I don't think any man should be in a bath with a 3 yr old child, especially when the child isn't his. There's absolutely no need to get into the bath to wash the child. I have 1 daughter myself who's nearly 6 and have bathed her many many times but never felt the need to get in with her and can only imagine it making it harder to bath the child!! If I even thought there was another man ''helping'' to bath my child I'd be concerned, you just cant be too careful these days.
This is just my opinion but it seems to be the general consensus, I know this is an awful position for you but I really hope it was innocent for the childs sake. At worst you will lose this ''friendship'' you have but maybe the lady involved will appreciate your concern. Is there any way you could ask about bath rituals for the kids etc without revealing too much??? If it was me I would be asking questions and probably telling what I'd seen, maybe try telling it offhandish or something to judge a reaction, maybe tell the story about another friend to judge her reaction???
I happily had baths with my daughter (and son!) until she/he reached 3 or 4 years of age. It's a wonderful way to bond with a child. However, I am talking about my own children.

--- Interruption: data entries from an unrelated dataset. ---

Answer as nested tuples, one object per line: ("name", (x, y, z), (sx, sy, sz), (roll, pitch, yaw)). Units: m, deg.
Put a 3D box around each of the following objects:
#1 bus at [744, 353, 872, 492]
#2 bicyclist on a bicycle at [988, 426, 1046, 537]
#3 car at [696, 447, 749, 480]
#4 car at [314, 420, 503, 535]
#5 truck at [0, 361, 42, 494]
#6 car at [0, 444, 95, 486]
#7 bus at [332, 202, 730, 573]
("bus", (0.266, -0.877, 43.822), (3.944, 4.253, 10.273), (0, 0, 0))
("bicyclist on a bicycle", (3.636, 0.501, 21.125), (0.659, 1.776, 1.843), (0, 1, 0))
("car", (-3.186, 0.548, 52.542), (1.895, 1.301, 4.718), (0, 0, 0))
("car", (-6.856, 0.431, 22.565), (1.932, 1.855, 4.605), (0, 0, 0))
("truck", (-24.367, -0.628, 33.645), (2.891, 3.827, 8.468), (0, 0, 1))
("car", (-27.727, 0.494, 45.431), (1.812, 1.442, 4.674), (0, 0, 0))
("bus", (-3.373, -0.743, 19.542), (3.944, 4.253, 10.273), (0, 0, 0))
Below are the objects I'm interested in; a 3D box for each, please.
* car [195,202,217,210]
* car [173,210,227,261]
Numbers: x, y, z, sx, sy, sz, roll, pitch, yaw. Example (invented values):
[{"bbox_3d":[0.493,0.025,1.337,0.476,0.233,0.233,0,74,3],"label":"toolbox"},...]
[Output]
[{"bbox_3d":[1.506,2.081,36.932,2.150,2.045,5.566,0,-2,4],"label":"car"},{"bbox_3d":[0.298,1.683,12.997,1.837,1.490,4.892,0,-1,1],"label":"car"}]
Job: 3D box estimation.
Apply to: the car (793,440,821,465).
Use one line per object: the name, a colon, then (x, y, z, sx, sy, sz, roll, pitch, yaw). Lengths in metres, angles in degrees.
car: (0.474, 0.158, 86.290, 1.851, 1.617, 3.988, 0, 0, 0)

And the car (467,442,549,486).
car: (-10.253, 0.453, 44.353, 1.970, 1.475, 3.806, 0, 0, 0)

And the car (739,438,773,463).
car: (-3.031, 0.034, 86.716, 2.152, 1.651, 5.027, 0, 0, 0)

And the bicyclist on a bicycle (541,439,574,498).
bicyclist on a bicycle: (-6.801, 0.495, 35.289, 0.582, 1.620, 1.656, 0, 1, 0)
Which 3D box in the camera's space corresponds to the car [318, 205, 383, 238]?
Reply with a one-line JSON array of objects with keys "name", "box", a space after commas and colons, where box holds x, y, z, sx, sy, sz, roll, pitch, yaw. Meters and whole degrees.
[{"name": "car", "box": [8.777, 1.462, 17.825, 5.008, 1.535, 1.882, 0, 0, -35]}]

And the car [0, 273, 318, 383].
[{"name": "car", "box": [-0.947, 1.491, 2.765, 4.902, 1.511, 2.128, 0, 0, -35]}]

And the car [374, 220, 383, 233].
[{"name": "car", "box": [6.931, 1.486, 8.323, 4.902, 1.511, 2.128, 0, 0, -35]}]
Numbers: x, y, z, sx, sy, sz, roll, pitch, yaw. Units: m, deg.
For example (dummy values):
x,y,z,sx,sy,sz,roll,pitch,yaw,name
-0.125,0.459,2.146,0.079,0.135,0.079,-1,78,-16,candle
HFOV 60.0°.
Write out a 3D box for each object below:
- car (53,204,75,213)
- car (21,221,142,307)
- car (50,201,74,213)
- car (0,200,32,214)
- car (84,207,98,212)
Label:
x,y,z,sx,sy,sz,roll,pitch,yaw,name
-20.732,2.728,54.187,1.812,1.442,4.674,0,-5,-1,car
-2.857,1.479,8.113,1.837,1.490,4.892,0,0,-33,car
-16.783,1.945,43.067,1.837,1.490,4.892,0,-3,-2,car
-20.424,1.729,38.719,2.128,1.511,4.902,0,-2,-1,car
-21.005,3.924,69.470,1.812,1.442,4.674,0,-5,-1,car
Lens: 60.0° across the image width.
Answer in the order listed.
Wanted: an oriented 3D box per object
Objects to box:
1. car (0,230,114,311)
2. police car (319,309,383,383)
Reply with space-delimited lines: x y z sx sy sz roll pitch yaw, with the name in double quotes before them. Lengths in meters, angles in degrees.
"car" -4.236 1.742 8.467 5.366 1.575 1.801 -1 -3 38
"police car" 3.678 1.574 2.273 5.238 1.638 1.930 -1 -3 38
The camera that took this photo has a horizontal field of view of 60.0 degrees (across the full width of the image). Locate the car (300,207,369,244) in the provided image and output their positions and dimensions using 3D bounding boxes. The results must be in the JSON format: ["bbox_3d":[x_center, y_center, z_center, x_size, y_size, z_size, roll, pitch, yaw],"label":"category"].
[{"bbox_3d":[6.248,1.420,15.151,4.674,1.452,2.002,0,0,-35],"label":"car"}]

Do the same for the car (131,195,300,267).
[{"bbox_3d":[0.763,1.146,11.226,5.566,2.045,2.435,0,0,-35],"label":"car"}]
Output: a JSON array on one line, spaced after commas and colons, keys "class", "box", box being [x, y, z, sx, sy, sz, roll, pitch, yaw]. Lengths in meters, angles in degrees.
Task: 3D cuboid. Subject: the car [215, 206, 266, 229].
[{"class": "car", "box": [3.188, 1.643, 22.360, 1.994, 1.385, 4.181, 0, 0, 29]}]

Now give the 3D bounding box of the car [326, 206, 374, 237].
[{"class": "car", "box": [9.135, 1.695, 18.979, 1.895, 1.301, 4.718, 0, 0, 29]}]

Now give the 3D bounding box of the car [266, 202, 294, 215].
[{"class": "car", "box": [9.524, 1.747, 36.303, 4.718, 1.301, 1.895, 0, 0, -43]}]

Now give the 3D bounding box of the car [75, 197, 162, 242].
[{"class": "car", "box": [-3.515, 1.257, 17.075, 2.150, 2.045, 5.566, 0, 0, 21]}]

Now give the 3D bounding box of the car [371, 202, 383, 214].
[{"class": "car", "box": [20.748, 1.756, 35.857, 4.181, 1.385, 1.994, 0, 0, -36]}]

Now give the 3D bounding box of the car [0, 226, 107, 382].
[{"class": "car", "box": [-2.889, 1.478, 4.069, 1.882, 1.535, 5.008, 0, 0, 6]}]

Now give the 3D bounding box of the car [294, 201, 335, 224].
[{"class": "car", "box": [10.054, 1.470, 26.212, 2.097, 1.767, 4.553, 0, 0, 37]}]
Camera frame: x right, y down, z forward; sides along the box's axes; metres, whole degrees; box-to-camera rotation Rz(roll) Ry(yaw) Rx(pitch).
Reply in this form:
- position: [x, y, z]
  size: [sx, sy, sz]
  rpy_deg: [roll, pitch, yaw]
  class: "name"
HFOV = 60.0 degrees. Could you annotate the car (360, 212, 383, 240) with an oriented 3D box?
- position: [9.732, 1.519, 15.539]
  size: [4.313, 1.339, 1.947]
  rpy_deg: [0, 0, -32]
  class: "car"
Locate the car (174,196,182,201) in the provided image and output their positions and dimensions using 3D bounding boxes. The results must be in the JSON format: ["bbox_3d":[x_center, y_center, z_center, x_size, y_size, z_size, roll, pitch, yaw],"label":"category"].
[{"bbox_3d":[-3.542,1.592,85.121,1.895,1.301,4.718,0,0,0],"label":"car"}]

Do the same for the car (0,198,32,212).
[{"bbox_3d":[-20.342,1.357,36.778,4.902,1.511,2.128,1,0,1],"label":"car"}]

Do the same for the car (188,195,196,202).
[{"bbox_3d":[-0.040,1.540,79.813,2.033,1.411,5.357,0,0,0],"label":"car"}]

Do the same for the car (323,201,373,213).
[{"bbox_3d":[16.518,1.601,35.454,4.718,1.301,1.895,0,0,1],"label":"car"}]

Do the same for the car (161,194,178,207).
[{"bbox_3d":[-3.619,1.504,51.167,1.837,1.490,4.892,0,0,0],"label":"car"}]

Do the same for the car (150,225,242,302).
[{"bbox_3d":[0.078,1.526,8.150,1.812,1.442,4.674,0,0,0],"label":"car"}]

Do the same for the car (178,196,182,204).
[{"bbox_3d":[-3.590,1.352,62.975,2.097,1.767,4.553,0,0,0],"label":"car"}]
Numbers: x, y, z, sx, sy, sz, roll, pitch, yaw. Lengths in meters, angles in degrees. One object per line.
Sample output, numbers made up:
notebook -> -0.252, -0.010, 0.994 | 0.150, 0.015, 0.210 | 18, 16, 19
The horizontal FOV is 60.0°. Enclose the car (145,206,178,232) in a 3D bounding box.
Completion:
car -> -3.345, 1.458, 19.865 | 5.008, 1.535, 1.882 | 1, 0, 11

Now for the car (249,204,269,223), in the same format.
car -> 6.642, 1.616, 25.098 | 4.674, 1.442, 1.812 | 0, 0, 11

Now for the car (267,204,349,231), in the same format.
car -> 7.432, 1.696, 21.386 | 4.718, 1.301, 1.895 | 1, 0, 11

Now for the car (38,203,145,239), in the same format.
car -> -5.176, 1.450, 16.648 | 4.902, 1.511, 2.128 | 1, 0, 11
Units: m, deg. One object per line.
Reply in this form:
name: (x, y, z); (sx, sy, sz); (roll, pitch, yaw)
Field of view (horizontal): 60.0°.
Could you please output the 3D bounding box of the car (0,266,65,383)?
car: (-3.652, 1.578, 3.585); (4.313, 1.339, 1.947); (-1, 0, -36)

In your situation, I would be most uncomfortable. Nevertheless, I think this needs to be approached with tact. Is the new b/f expected to get the children undressed for bed? If yes, then he is already being given the green light for the level of intimate contact which is associated with such action.
There are clearly only two possible explanations:
1. That the new b/f is acting in sexually-innocent manner, but trying to bond with the children, in which case any external investigation may well end up in legal action, ruining both his life and your friendship with the mum.
2. He is acting in a sexually predatory manner, in which case he should be barred from
any contact with the children.
In other words, he's either a pervert or he is not.
No one on here can possibly answer that, given the available facts. My own view is that it is incumbent on you to establish, with some urgency, the facts of the relationship between the b/f and the children. Jumping to conclusions invariably makes matters worse.